EXERCISE BRIEF: The answer must be a bare number: the count of lines below that contain "units".

[Collection entries]
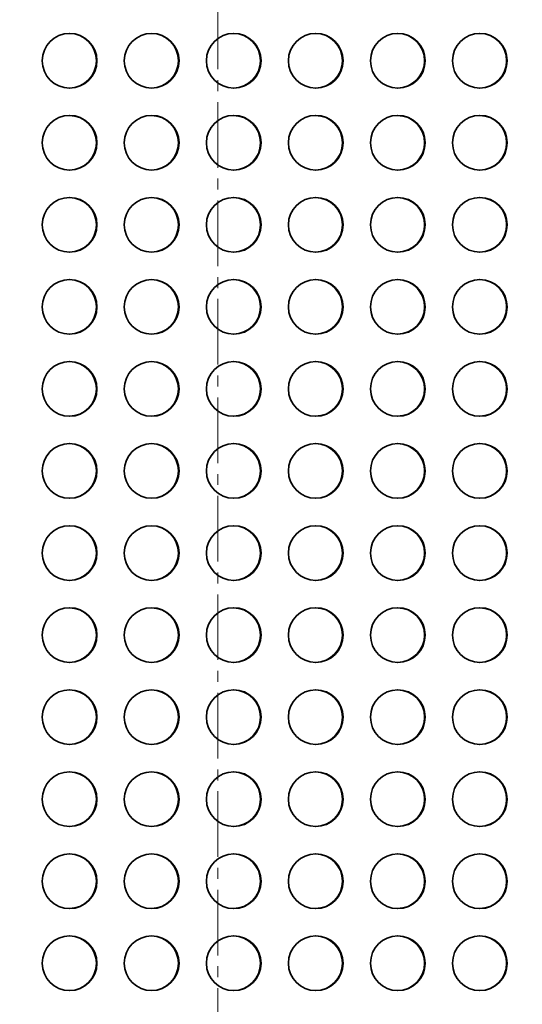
# Model space of a CAD drawing. Header units: millimetres. Extents: x -14862 to 14862, y -10512 to 10512.
# Tile 56 of 199: x -4519 to -4151, y -2158 to -1438. Entities that reach past the tile are written whole.
import ezdxf

# ---------------------------------------------------------------- set-up
doc = ezdxf.new("R2010")
doc.units = ezdxf.units.MM
doc.header["$LTSCALE"] = 4
doc.linetypes.add('点画线', pattern=[18, 12, -2, 2, -2])
doc.layers.get('0').update_dxf_attribs({"lineweight": 18})
for name, color, linetype, lineweight in [('中心线层', 1, '点画线', 18), ('几何体', 7, 'Continuous', 35), ('尺寸线层', 3, 'Continuous', 18)]:
    doc.layers.add(name, color=color, linetype=linetype, lineweight=lineweight)
doc.styles.add('标准', font='txt', dxfattribs={"width": 0.667})
doc.dimstyles.new('GB_尺寸', dxfattribs={"dimtxt": 3.5, "dimasz": 4, "dimexe": 2, "dimexo": 0, "dimtad": 1, "dimdsep": 46, "dimtxsty": '标准', "dimblk": '_CAXARROW', "dimcen": 0, "dimdle": 8, "dimazin": 2, "dimtfac": 0.707107, "dimtdec": 3, "dimtmove": 2, "dimatfit": 3, "dimfxl": 0, "dimfrac": 2, "dimtolj": 1, "dimarcsym": 0})

# ---------------------------------------------------------------- blocks, each defined once
blk = doc.blocks.new('*X153')
at = {"layer": '尺寸线层'}
for points in [[(-6748.86, -3869.61), (-6648.86, -3882.11), (-6648.86, -3857.11)], [(-3793.86, -3869.61), (-3893.86, -3882.11), (-3893.86, -3857.11)]]:
    blk.add_hatch(color=0, dxfattribs=at).paths.add_polyline_path(points, flags=0)
at = {"layer": '尺寸线层', "color": 0}
for p, q in [((-6748.86, -1465.88), (-6748.86, -3919.61)), ((-3793.86, -2668.38), (-3793.86, -3919.61)), ((-3793.86, -3869.61), (-6748.86, -3869.61))]:
    blk.add_line(p, q, dxfattribs=at)
at = {"layer": '尺寸线层', "color": 0, "insert": (-5245.65, -3810.73), "char_height": 87.5, "width": 340.0023, "attachment_point": 5, "line_spacing_factor": 1.15057, "style": '标准'}
blk.add_mtext('\\T1.1;2955', dxfattribs=at)
blk = doc.blocks.new('_CAXARROW')
blk.add_hatch(color=0).paths.add_polyline_path([(0, 0), (-1, 0.125), (-1, -0.125)], flags=0)
blk = doc.blocks.new('*X154')
at = {"layer": '尺寸线层'}
for points in [[(-7288.86, -4141.05), (-7188.86, -4128.55), (-7188.86, -4153.55)], [(-2288.86, -4141.05), (-2388.86, -4128.55), (-2388.86, -4153.55)]]:
    blk.add_hatch(color=0, dxfattribs=at).paths.add_polyline_path(points, flags=0)
at = {"layer": '尺寸线层', "color": 0}
for p, q in [((-7288.86, -1465.88), (-7288.86, -4191.05)), ((-2288.86, -1465.88), (-2288.86, -4191.05)), ((-7288.86, -4141.05), (-2288.86, -4141.05))]:
    blk.add_line(p, q, dxfattribs=at)
at = {"layer": '尺寸线层', "color": 0, "insert": (-4788.86, -4082.16), "char_height": 87.5, "width": 340.6544, "attachment_point": 5, "line_spacing_factor": 1.15057, "style": '标准'}
blk.add_mtext('\\T1.1;5000', dxfattribs=at)
blk = doc.blocks.new('*X155')
at = {"layer": '尺寸线层'}
for points in [[(-11533.86, -4572.86), (-11433.86, -4560.36), (-11433.86, -4585.36)], [(-2288.86, -4572.86), (-2388.86, -4560.36), (-2388.86, -4585.36)]]:
    blk.add_hatch(color=0, dxfattribs=at).paths.add_polyline_path(points, flags=0)
at = {"layer": '尺寸线层', "color": 0}
for p, q in [((-2288.86, -1465.88), (-2288.86, -4622.86)), ((-11533.86, -2690.88), (-11533.86, -4622.86)), ((-11533.86, -4572.86), (-2288.86, -4572.86))]:
    blk.add_line(p, q, dxfattribs=at)
at = {"layer": '尺寸线层', "color": 0, "insert": (-6911.36, -4513.97), "char_height": 87.5, "width": 341.3065, "attachment_point": 5, "line_spacing_factor": 1.15057, "style": '标准'}
blk.add_mtext('\\T1.1;9245', dxfattribs=at)

msp = doc.modelspace()

# ---------------------------------------------------------------- linework, layer by layer
at = {"layer": '中心线层'}
msp.add_line((-4373.859, -58.603), (-4373.859, -2808.181), dxfattribs=at)
at = {"layer": '几何体'}
for centre in [(-4482.307, -1468.379), (-4422.312, -1468.379), (-4362.318, -1468.379), (-4302.325, -1468.379), (-4242.329, -1468.379), (-4182.336, -1468.379), (-4482.307, -1528.379), (-4422.312, -1528.379), (-4362.318, -1528.379), (-4302.325, -1528.379), (-4242.329, -1528.379), (-4182.336, -1528.379), (-4482.307, -1588.379), (-4422.312, -1588.379), (-4362.318, -1588.379), (-4302.325, -1588.379), (-4242.329, -1588.379), (-4182.336, -1588.379), (-4482.307, -1648.379), (-4422.312, -1648.379), (-4362.318, -1648.379), (-4302.325, -1648.379), (-4242.329, -1648.379), (-4182.336, -1648.379), (-4482.307, -1708.379), (-4422.313, -1708.379), (-4362.319, -1708.379), (-4302.325, -1708.379), (-4242.329, -1708.379), (-4182.337, -1708.379), (-4482.307, -1768.379), (-4422.312, -1768.379), (-4362.318, -1768.379), (-4302.325, -1768.379), (-4242.329, -1768.379), (-4182.336, -1768.379), (-4482.307, -1828.379), (-4422.312, -1828.379), (-4362.318, -1828.379), (-4302.325, -1828.379), (-4242.329, -1828.379), (-4182.336, -1828.379), (-4482.307, -1888.379), (-4422.312, -1888.379), (-4362.318, -1888.379), (-4302.325, -1888.379), (-4242.329, -1888.379), (-4182.336, -1888.379), (-4482.307, -1948.379), (-4422.312, -1948.379), (-4362.318, -1948.379), (-4302.325, -1948.379), (-4242.329, -1948.379), (-4182.336, -1948.379), (-4482.307, -2008.379), (-4422.312, -2008.379), (-4362.318, -2008.379), (-4302.325, -2008.379), (-4242.329, -2008.379), (-4182.336, -2008.379), (-4482.307, -2068.379), (-4422.312, -2068.379), (-4362.318, -2068.379), (-4302.325, -2068.379), (-4242.329, -2068.379), (-4182.336, -2068.379), (-4482.307, -2128.379), (-4422.312, -2128.379), (-4362.318, -2128.379), (-4302.325, -2128.379), (-4242.329, -2128.379), (-4182.336, -2128.379)]:
    msp.add_circle(centre, 19.999, dxfattribs=at)
for centre, start, end in [((-4482.73, -1468.38), 270.610342, 89.389658), ((-4422.736, -1468.38), 270.609417, 89.390583), ((-4362.742, -1468.38), 270.608496, 89.391504), ((-4302.748, -1468.38), 270.610342, 89.389658), ((-4242.754, -1468.38), 270.610342, 89.389658), ((-4182.76, -1468.38), 270.608496, 89.391504), ((-4482.73, -1528.38), 270.610342, 89.389658), ((-4422.736, -1528.38), 270.609417, 89.390583), ((-4362.742, -1528.38), 270.608496, 89.391504), ((-4302.748, -1528.38), 270.610342, 89.389658), ((-4242.754, -1528.38), 270.610342, 89.389658), ((-4182.76, -1528.38), 270.608496, 89.391504), ((-4482.73, -1588.38), 270.610342, 89.389658), ((-4422.736, -1588.38), 270.609417, 89.390583), ((-4362.742, -1588.38), 270.608496, 89.391504), ((-4302.748, -1588.38), 270.610342, 89.389658), ((-4242.754, -1588.38), 270.610342, 89.389658), ((-4182.76, -1588.38), 270.608496, 89.391504), ((-4482.73, -1648.38), 270.610342, 89.389658), ((-4422.736, -1648.38), 270.609417, 89.390583), ((-4362.742, -1648.38), 270.608496, 89.391504), ((-4302.748, -1648.38), 270.610342, 89.389658), ((-4242.754, -1648.38), 270.610342, 89.389658), ((-4182.76, -1648.38), 270.608496, 89.391504), ((-4482.73, -1708.38), 270.610284, 89.389716), ((-4422.736, -1708.38), 270.609359, 89.390641), ((-4362.742, -1708.38), 270.608438, 89.391562), ((-4302.748, -1708.38), 270.610284, 89.389716), ((-4242.754, -1708.38), 270.610284, 89.389716), ((-4182.76, -1708.38), 270.608438, 89.391562), ((-4482.73, -1768.38), 270.610231, 89.389769), ((-4422.736, -1768.38), 270.609306, 89.390694), ((-4362.742, -1768.38), 270.608385, 89.391615), ((-4302.748, -1768.38), 270.610231, 89.389769), ((-4242.754, -1768.38), 270.610231, 89.389769), ((-4182.76, -1768.38), 270.608385, 89.391615), ((-4482.73, -1828.38), 270.610284, 89.389716), ((-4422.736, -1828.38), 270.609359, 89.390641), ((-4362.742, -1828.38), 270.608438, 89.391562), ((-4302.748, -1828.38), 270.610284, 89.389716), ((-4242.754, -1828.38), 270.610284, 89.389716), ((-4182.76, -1828.38), 270.608438, 89.391562), ((-4482.73, -1888.38), 270.610284, 89.389716), ((-4422.736, -1888.38), 270.609359, 89.390641), ((-4362.742, -1888.38), 270.608438, 89.391562), ((-4302.748, -1888.38), 270.610284, 89.389716), ((-4242.754, -1888.38), 270.610284, 89.389716), ((-4182.76, -1888.38), 270.608438, 89.391562), ((-4482.73, -1948.38), 270.610255, 89.389745), ((-4422.736, -1948.38), 270.60933, 89.39067), ((-4362.742, -1948.38), 270.608409, 89.391591), ((-4302.748, -1948.38), 270.610255, 89.389745), ((-4242.754, -1948.38), 270.610255, 89.389745), ((-4182.76, -1948.38), 270.608409, 89.391591), ((-4482.73, -2008.38), 270.610257, 89.389743), ((-4422.736, -2008.38), 270.609332, 89.390668), ((-4362.742, -2008.38), 270.608411, 89.391589), ((-4302.748, -2008.38), 270.610257, 89.389743), ((-4242.754, -2008.38), 270.610257, 89.389743), ((-4182.76, -2008.38), 270.608411, 89.391589), ((-4482.73, -2068.38), 270.610257, 89.389743), ((-4422.736, -2068.38), 270.609332, 89.390668), ((-4362.742, -2068.38), 270.608411, 89.391589), ((-4302.748, -2068.38), 270.610257, 89.389743), ((-4242.754, -2068.38), 270.610257, 89.389743), ((-4182.76, -2068.38), 270.608411, 89.391589), ((-4482.73, -2128.38), 270.610257, 89.389743), ((-4422.736, -2128.38), 270.609332, 89.390668), ((-4362.742, -2128.38), 270.608411, 89.391589), ((-4302.748, -2128.38), 270.610257, 89.389743), ((-4242.754, -2128.38), 270.610257, 89.389743), ((-4182.76, -2128.38), 270.608411, 89.391589)]:
    msp.add_arc(centre, 20, start, end, dxfattribs=at)

# ---------------------------------------------------------------- dimensions: what is measured, and where the dimension line sits
at = {"layer": '尺寸线层'}
for base, p1, p2, picture, middle in [((-2288.859, -4572.857), (-11533.859, -2690.88), (-2288.859, -1465.88), '*X155', (-6911.359, -4513.971)), ((-2288.859, -4141.05), (-7288.859, -1465.88), (-2288.859, -1465.88), '*X154', (-4788.859, -4082.164)), ((-6748.859, -3869.614), (-3793.859, -2668.38), (-6748.859, -1465.88), '*X153', (-5245.646, -3810.728))]:
    dim = msp.add_linear_dim(base=base, p1=p1, p2=p2, dimstyle='GB_尺寸', override={"dimscale": 25, "dimsah": 1, "dimtfill": 1, "dimtzin": 8}, dxfattribs=at)
    dim.commit()
    dim.dimension.update_dxf_attribs({"geometry": picture, "text_midpoint": middle, "dimtype": 160})

doc.saveas('drawing.dxf')

TASK RESULT: 2